Dear Cristi,
I also read your entry with interest and pleasure and good luck to you too.
I need to clarify on one misunderstanding about my approach. You say: "If the Universe can be described by a mathematical structure (which you are trying to axiomatize)". This is not what I am trying to do. This is Tegmark's approach and I do not think it has a good change of success for several reasons. The first reason is Goedel's theorem. Tegmark's response to this challenge is to consider computability as a requirement of nature, but I have serious reservations with computability as a core feature of nature. My second reason to doubt it is that nature seems to be infinite and mathematicians (who are part of nature) are discovering new axioms all the time. This is at odds with Chaitin's results which limit the amount of complexity one can derive from a given set of axioms. If Nature is one huge mathematical structure then we should see some sort of maximum information which can be extracted from it, and this is at odds with what we observe, particularly regarding the orthogonal groups describing space-time as it was shown by Jochen Rau.
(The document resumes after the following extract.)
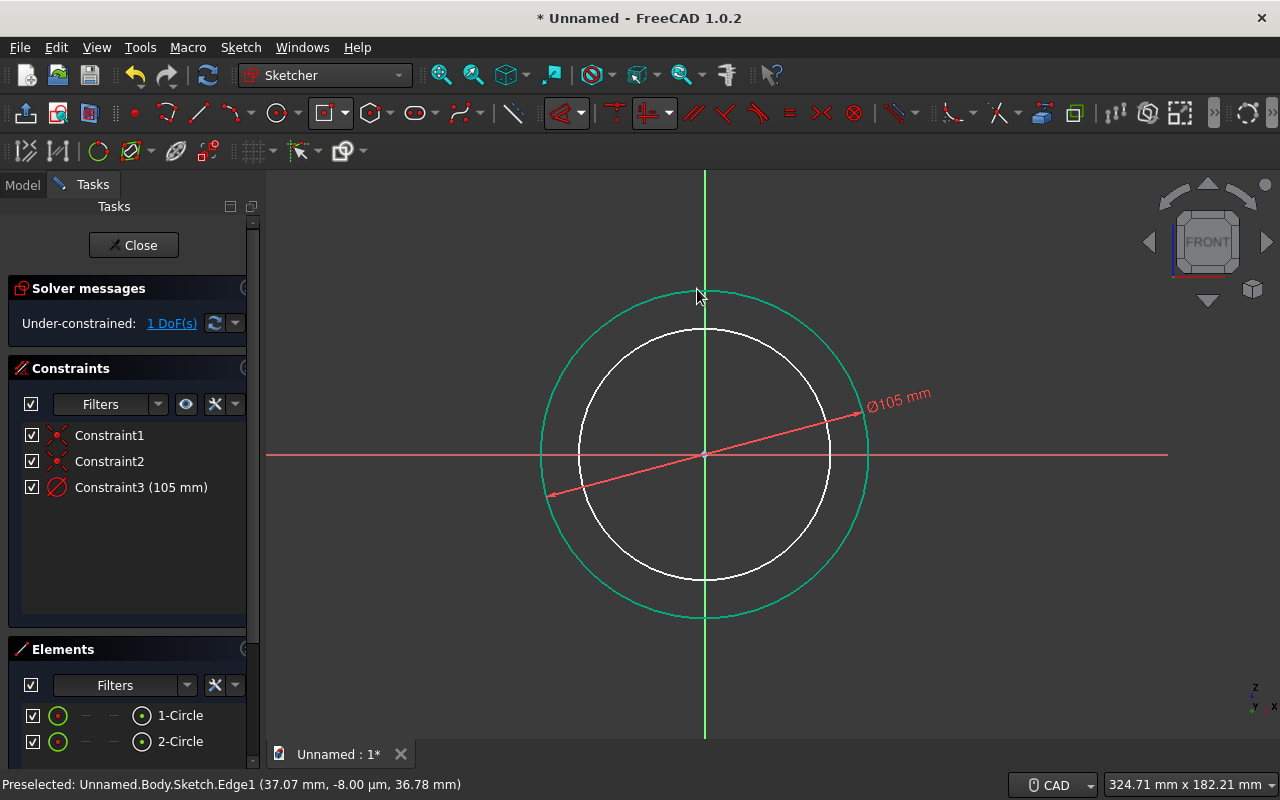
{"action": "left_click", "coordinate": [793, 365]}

So if this in not my approach, then what is exactly my approach? Axiomatization is possible, but not as a massive single mathematical structure. Realty is made of all mathematical structures, but only some of them play distinguished roles. How can we identify them? Why is space-time 4 dimensional? Why are complex numbers appearing in QM, etc, etc? Mathematical structures are relational and abstract, devoid of ontological meaning. But physics can also be put in relational format. A trivial example is speed. More realistic example include Rovelli's relational interpretation of QM, and LQG's background independent approach. If there are no supernatural explanations of reality (like transcendental or God arguments), all that remains are mathematical structures as the building blocks to construct ontology. Therefore by looking at the differenced between math and reality one should extract precisely the core features of reality which in turn would select all the universal distinguished mathematical structures we see in nature: Minkowski space, quantum mechanics, etc.
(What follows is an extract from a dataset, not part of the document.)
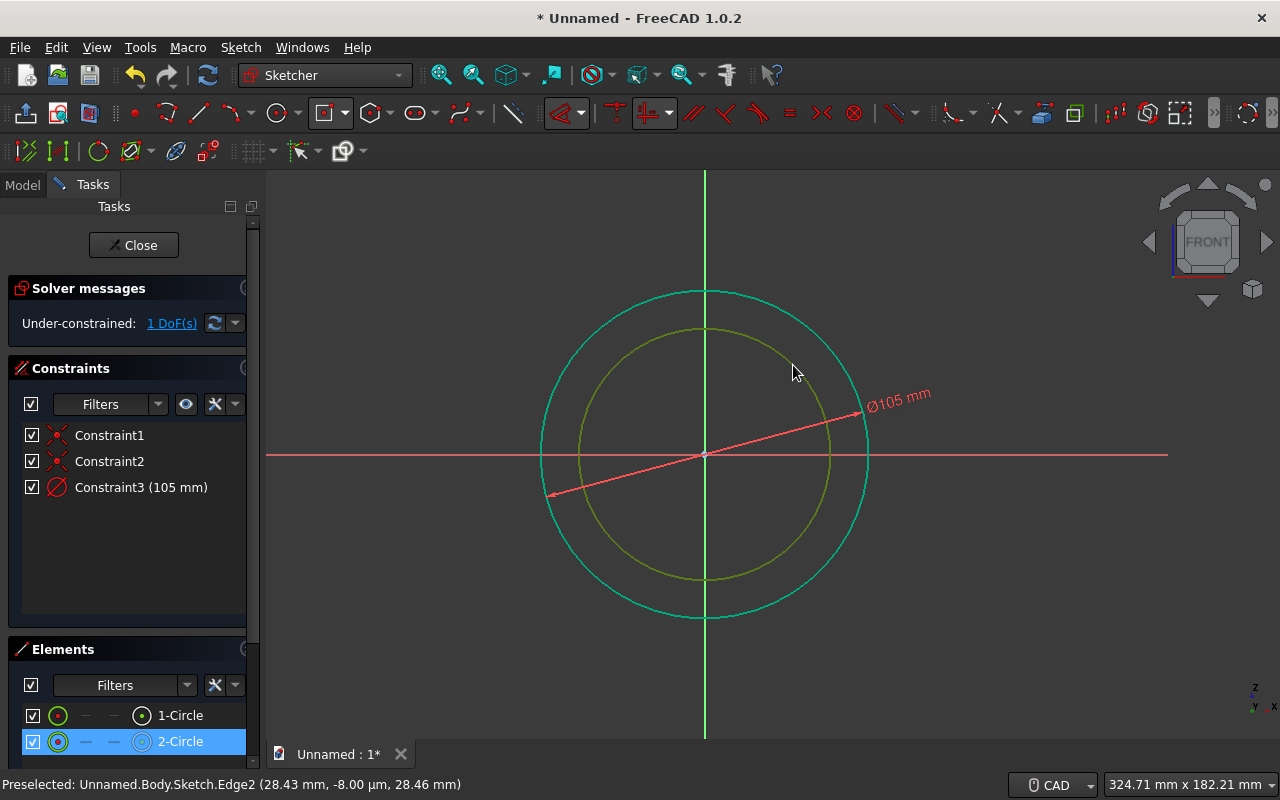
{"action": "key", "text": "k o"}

The 3 physics principles: universal truth, composability, deformability (or events, interaction, infinite complexity) acts as filters of selecting the distinguished mathematical structure physicists use and experimentally confirm every day. I am not deriving them from the 3 principles, I am only eliminating all the other mathematical structures and therefore the axiomatization of physics does not result in a mathematical closed form "super structure" from which all reality is derived. This is a double negation trick which eliminates the closed form of the answer and avoids the Goedel and Chaitin roadblocks.
Regarding the global hyperbolicity, this a long discussion, but I can give you the gist. The critical observation is that there is a link between incompleteness theorem and the Minkowski space. From this one can translate the Goedel's proof almost one to one into the proof of global hyperbolicity on arbitrary event manifolds. But event manifolds are decidable and at the end of the proof one is force to conclude that one has inconsistency for event manifolds for which Godel's theorem translation holds (precisely the ones where global hyperbolicity is violated). This is different from Goedel because he derives incompleteness instead of inconsistency, but because of decidability, incompleteness is ruled out. The sensitive part of the proof is to prove the godelization and this works only in classical mechanics and therefore the proof is valid only in the region of the validity of the correspondence principle, and not at Plank scale. Global hyperbolicity and time are ill defined in that range anyway.
PS: I had completed the basic hyperbolicity proof right after the first FQXi essay contest and I would have loved to enter the nature of time contest and explain all this in detail, but that is life.